When Park attended confirmation hearings as a lawmaker in the past conservative administrations, she was best known for requesting colossal amounts of documents from Blue House nominees. In 2009, during a hearing for former President Lee Myung-bak’s nominee for prosecutor general, Chun Sung-gwan, Park asked Chun for a detailed statement of the financial incomes of not only his wife but also all of his lineal ascendants and descendants, saying if he wanted to clear any misunderstandings, he should submit the papers.
In 2012, during a confirmation hearing for Supreme Court Justice-nominee Kim Byung-hwa, Park claimed she could explain how she increased her fortune from the moment she was employed at MBC in 1982.
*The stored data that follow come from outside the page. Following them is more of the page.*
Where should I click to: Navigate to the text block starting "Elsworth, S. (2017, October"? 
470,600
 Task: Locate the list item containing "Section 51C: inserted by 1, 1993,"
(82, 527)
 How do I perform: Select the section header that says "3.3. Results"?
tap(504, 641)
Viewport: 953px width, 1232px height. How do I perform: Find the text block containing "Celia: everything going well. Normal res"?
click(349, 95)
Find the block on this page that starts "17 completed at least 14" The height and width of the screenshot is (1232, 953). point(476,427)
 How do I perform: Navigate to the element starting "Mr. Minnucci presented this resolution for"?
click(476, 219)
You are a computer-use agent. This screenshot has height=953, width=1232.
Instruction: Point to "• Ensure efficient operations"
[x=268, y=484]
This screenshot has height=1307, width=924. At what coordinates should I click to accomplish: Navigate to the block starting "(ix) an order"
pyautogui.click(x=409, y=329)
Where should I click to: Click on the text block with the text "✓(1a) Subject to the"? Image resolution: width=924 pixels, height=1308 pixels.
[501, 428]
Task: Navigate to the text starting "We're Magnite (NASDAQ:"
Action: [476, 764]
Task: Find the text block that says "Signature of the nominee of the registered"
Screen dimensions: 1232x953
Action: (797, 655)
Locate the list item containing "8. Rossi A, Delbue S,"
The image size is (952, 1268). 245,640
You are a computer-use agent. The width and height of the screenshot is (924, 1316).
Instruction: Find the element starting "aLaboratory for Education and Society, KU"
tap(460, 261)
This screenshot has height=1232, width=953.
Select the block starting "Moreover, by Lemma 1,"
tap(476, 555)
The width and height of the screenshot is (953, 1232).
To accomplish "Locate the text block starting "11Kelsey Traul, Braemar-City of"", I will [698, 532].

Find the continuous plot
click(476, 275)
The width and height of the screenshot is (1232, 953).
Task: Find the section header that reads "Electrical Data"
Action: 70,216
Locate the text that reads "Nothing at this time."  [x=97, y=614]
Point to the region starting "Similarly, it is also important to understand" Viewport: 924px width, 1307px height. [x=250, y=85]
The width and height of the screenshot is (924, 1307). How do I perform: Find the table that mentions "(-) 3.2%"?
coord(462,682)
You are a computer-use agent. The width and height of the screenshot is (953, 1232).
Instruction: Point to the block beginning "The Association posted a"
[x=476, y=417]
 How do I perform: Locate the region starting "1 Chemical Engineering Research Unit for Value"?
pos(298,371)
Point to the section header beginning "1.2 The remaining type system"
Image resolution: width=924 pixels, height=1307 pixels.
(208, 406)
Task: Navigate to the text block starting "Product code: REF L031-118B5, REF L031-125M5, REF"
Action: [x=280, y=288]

But when it was her turn to explain her wealth during a recent hearing after she was nominated as minister of SMEs and startups, Park failed to do so. When she was accused of having someone else pay for her 300 million won ($263,800) home interior construction fees and asked to submit her bank account transfer history, she refused, saying she “can’t understand” why opposition lawmakers were asking for personal information.
Rewind to 2009 during the hearing for Justice Minister-nominee Lee Kwi-nam, Park is the one who told him that it was wrong to think he could get away with not submitting documents and that he’d eventually be forced to send the papers.
The finishing touch to Cho’s botched verification procedures was finally made when Moon tapped Lee Mi-sun as justice nominee for the Constitutional Court. She claimed all her stock investments were made by her husband, and her husband, who’s close to Cho, seems to have consulted with the Blue House in giving lengthy explanations on his Facebook on why he and Lee were innocent. For the first time in Korean history, we soon might see an “avatar justice” in the Constitutional Court.
Yet, after all this ruckus, I wonder whether it’s even worth the stress. One relief would be that the entire country now knows the true side of Cho, who’s doing so poorly at verifying Moon’s nominees after pretending to be so ethically superior when he pointed fingers at other people during past administrations. Cho, thank you for showing us your true side. We didn’t even have to ask for it.